▸ Records for the exercise
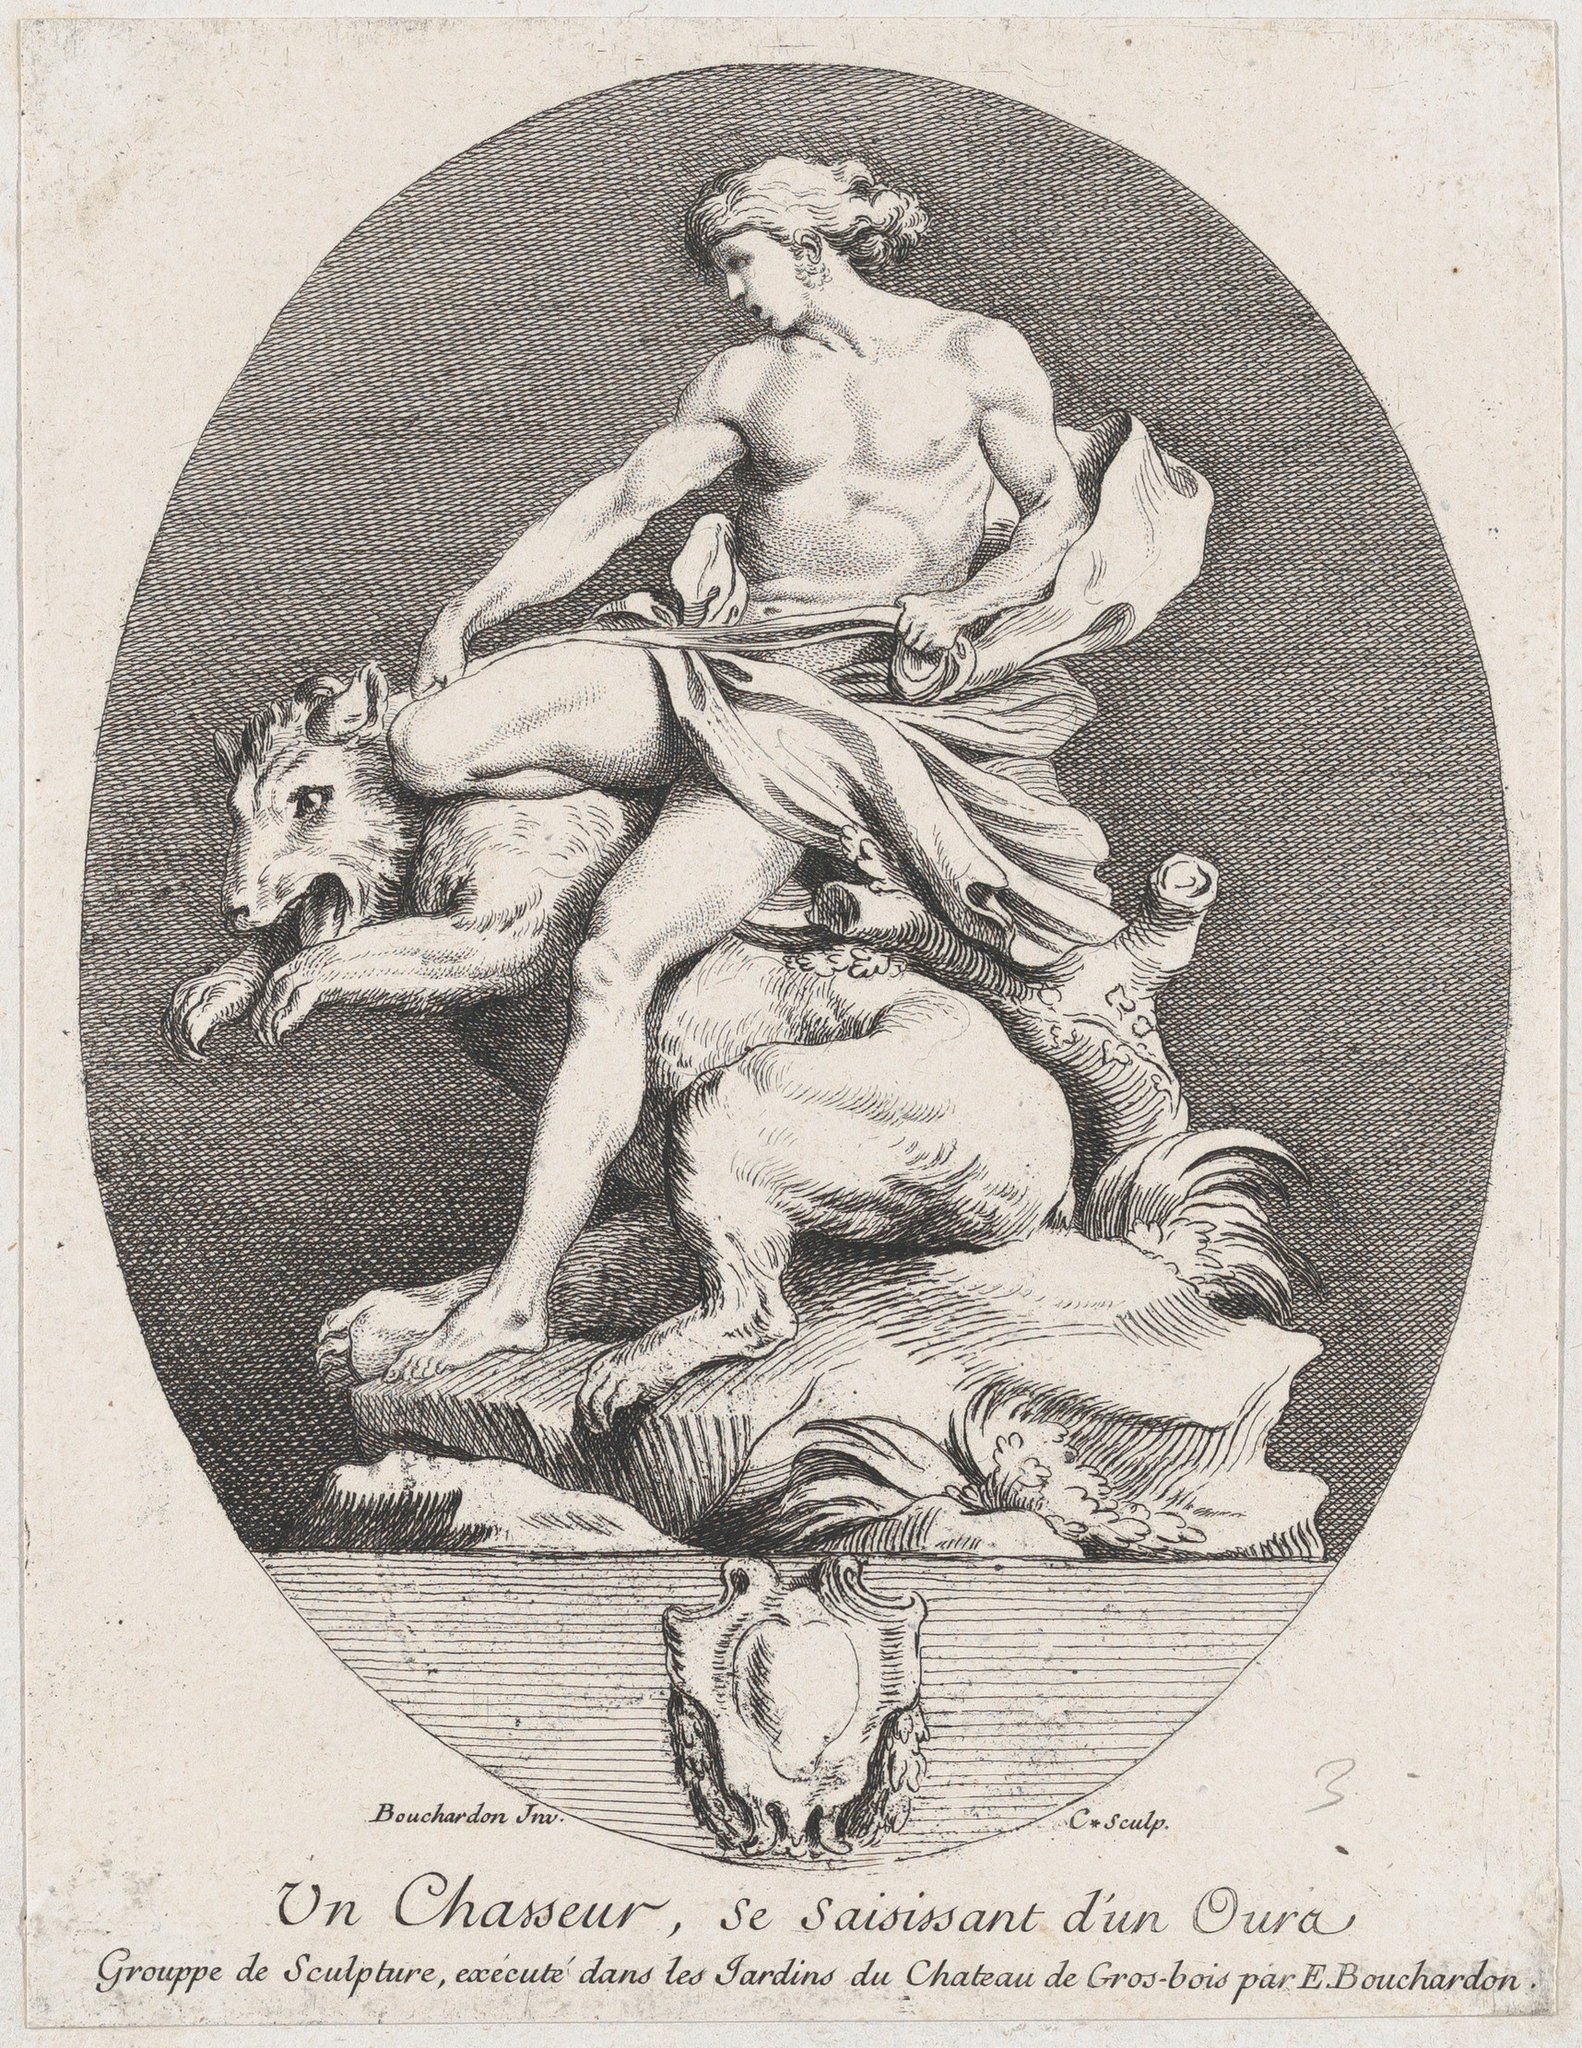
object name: print
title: A Hunter Grabbing a Bear, from "Group of Subjects Drawn From Antiquity"
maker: anne claude philippe de tubières, comte de caylus
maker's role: artist
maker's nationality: french
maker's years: 1692-1765
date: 1737
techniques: etching
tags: bears,men,insignia
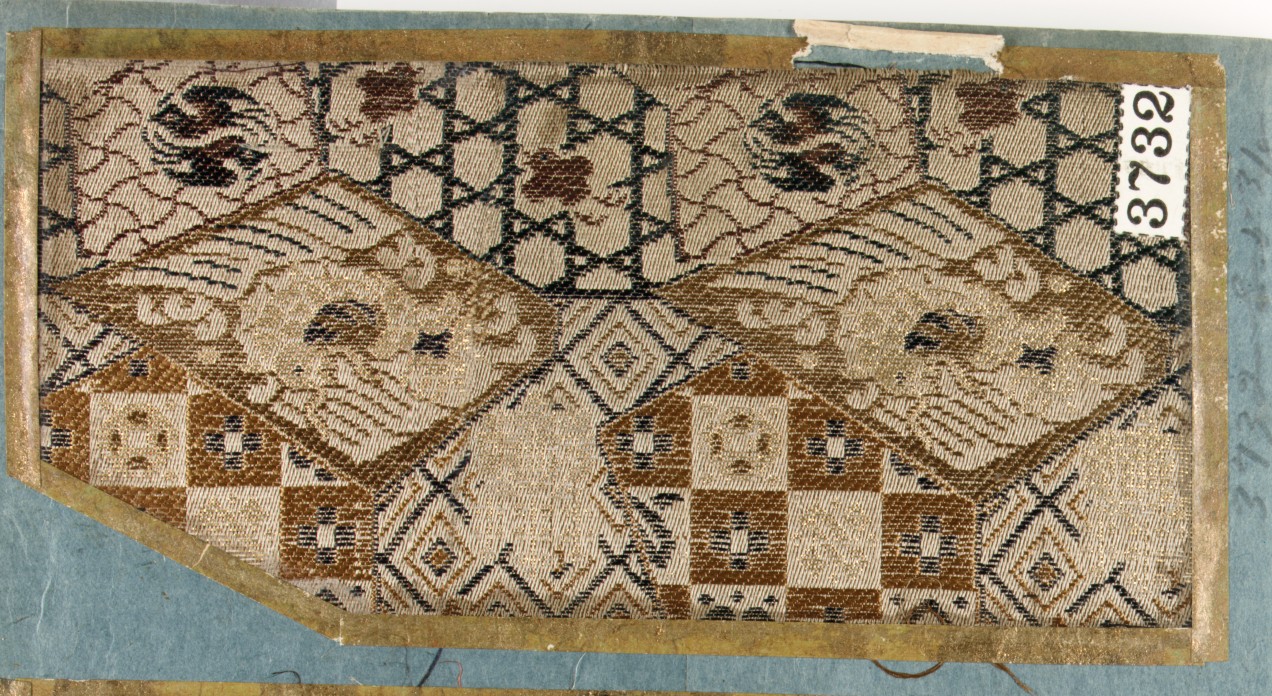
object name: sample
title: Textile Sample from Sample Book
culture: japanese
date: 1801-1900
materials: silk

▸ Task instructions
Show me every line of the entries above that holds "maker".

▸ Result
maker: anne claude philippe de tubières, comte de caylus
maker's role: artist
maker's nationality: french
maker's years: 1692-1765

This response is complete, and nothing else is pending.